Zum Liederabend am 14. März 1984 in Augsburg


Augsburger Rundschau, 16. März 1984 

Das Lied-Ereignis

Dietrich Fischer-Dieskau sang in der Kongreßhalle Johannes Brahms

Das Kunstlied – es gibt phantastische Sängerinnen und Sänger, Stimmwunder und Virtuosen, aber niemand verkörpert diese Gattung wie Dietrich Fischer-Dieskau. Er ist – bald 59jährig – jetzt schon Legende und war im Rahmen des Pro-Musica-Zyklus 2 in der Kongreßhalle zu Gast. Die Erwartung, aufgeladen nicht zuletzt durch ein fast beispielloses Angebot an Platteneinspielungen, ist hier groß wie bei kaum einem anderen Künstler. Und Fischer-Dieskau löste sie ein. Zusammen mit seinem neuen (und noch sehr jungen) Begleiter Hartmut Höll wurde sein Brahms-Abend zum Ereignis.
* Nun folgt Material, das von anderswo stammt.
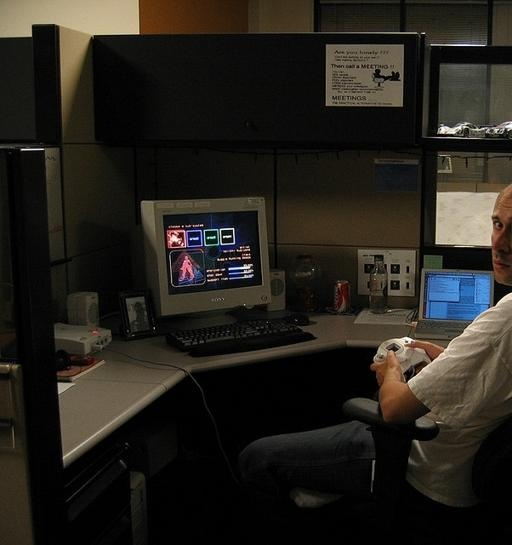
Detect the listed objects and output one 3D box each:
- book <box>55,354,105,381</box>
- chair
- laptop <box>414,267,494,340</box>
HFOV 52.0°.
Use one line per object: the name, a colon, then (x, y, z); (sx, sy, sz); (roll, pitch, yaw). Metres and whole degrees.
book: (-0.554, 0.295, 1.631); (0.082, 0.033, 0.199); (-2, 9, 10)
chair: (0.383, 0.392, 1.210); (0.240, 0.315, 0.260); (-8, 11, -19)
laptop: (0.880, 0.130, 2.316); (0.299, 0.244, 0.259); (4, -9, 21)
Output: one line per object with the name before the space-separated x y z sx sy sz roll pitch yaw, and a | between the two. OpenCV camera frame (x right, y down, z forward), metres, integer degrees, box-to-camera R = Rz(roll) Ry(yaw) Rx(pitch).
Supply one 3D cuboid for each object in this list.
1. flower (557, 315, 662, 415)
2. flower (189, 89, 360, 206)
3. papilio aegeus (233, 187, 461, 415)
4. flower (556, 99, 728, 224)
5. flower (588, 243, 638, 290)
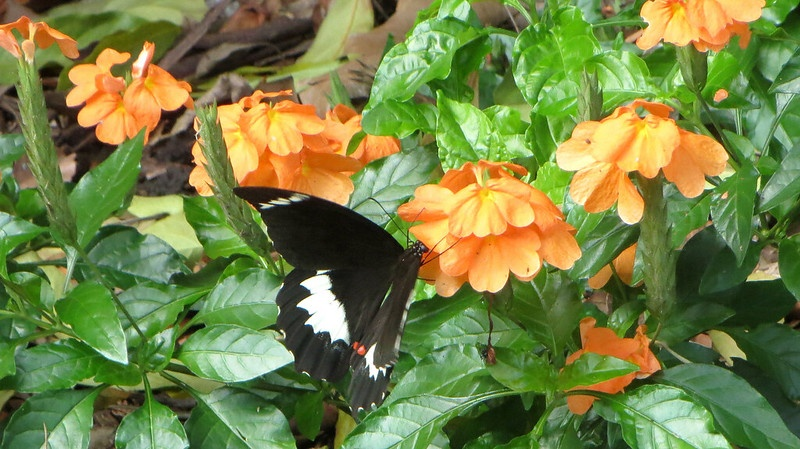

Nach Schubert erreichte das Kunstlied bei Johannes Brahms einen neuen Höhepunkt. Jenseits aller auf den Text bezogenen Stimmungsmalerei und einer in Emotionen schillernden Romantik sind die Lieder des Norddeutschen durchwegs höchst artifiziell gewebte Gebilde: trotz ihres lyrischen Grundtons und der naturliedhaften Geste sind Klaviertext und Stimme ein eigenständiges, durch feinste Motivarbeit erzeugtes Kunstwerk. Den einfachen, wahrlich "zu Herzen gehenden" Ton treffen, bei intellektueller Durchdringung und Darstellung der Materie – dies macht die Größe Dietrich Fischer-Dieskaus aus. Mit Stimmpracht allein ist es nicht getan: dazu sind diese scheinbaren Volkslieder doch zu komplex und vielschichtig, um innig wie von selbst zu "kommen". Auch nicht mit blutleerer, absolut belcanto-feindlicher angestrengter Attitüde: da klänge Brahms allzu trocken. Fischer-Dieskau führt durch sein in allen Lagen perfekt beherrschtes Stimmvolumen sowie durch seine literarische Kompetenz und musikalische Intelligenz diese Schwierigkeiten ad absurdum. Er erreicht eine Ebene, die andere Sänger im Kunstlied kaum treffen.

Wechsel der Stimme

Die Lieder des Abends gehörten keinen geschlossen geprägten Zyklen an. Sie entstammten eher unabhängig und lose zusammengestellten Sammlungen, wenn auch die im ersten Teil dominierende Folge aus der Platen-Daumer-Serie durch ihren melancholisch und pathetisch zerrissenen Grundton einen gewissen Stimmungsblock bildete. Mit virtuosen Wechseln des Stimmregisters – das ebenso plötzlich in intimste Räume zurückfallen, wie es sich jäh zum umgreifenden Forte-Gewölbe ausweiten kann; das fahle imaginäre Stimmungen zaubern kann (Platen: "Sie funkelten sacht in der Nacht, durch täuschend entlegene Ferne") und einfach innig singt (Schack: "Träume und Erinnerungen nahen aus der Kinderzeit") – fächerte hier der Künstler ein grandioses Feld an Nuancen auf.

Im zweiten Teil mit u.a. Goethe, Heine, Keller, Liliencron kamen neue Facetten hinzu – Ironie und Witz (Heine), Doppelbödigkeit (Goethe, Halm) und Skurril-Poetisches (Kellers "Therese") setzte Dietrich Fischer-Dieskau wie funkelnde Juwelen in den Vortrag. Hier kamen auch die phänomenalen Begleittugenden des Pianisten Hartmut Höll – er hat an der Frankfurter Musikhochschule u.a. eine Professur für Liedbegleitung inne – zum Tragen. Vielleicht ein neuer Gerald Moore? Höll jedenfalls machte atemberaubend klar, wie man – bei technischer Perfektion – auch eine "Übergröße" wie Dieskau zu animieren vermag. Es gab frenetischen Beifall und generöse, brillante Zugaben.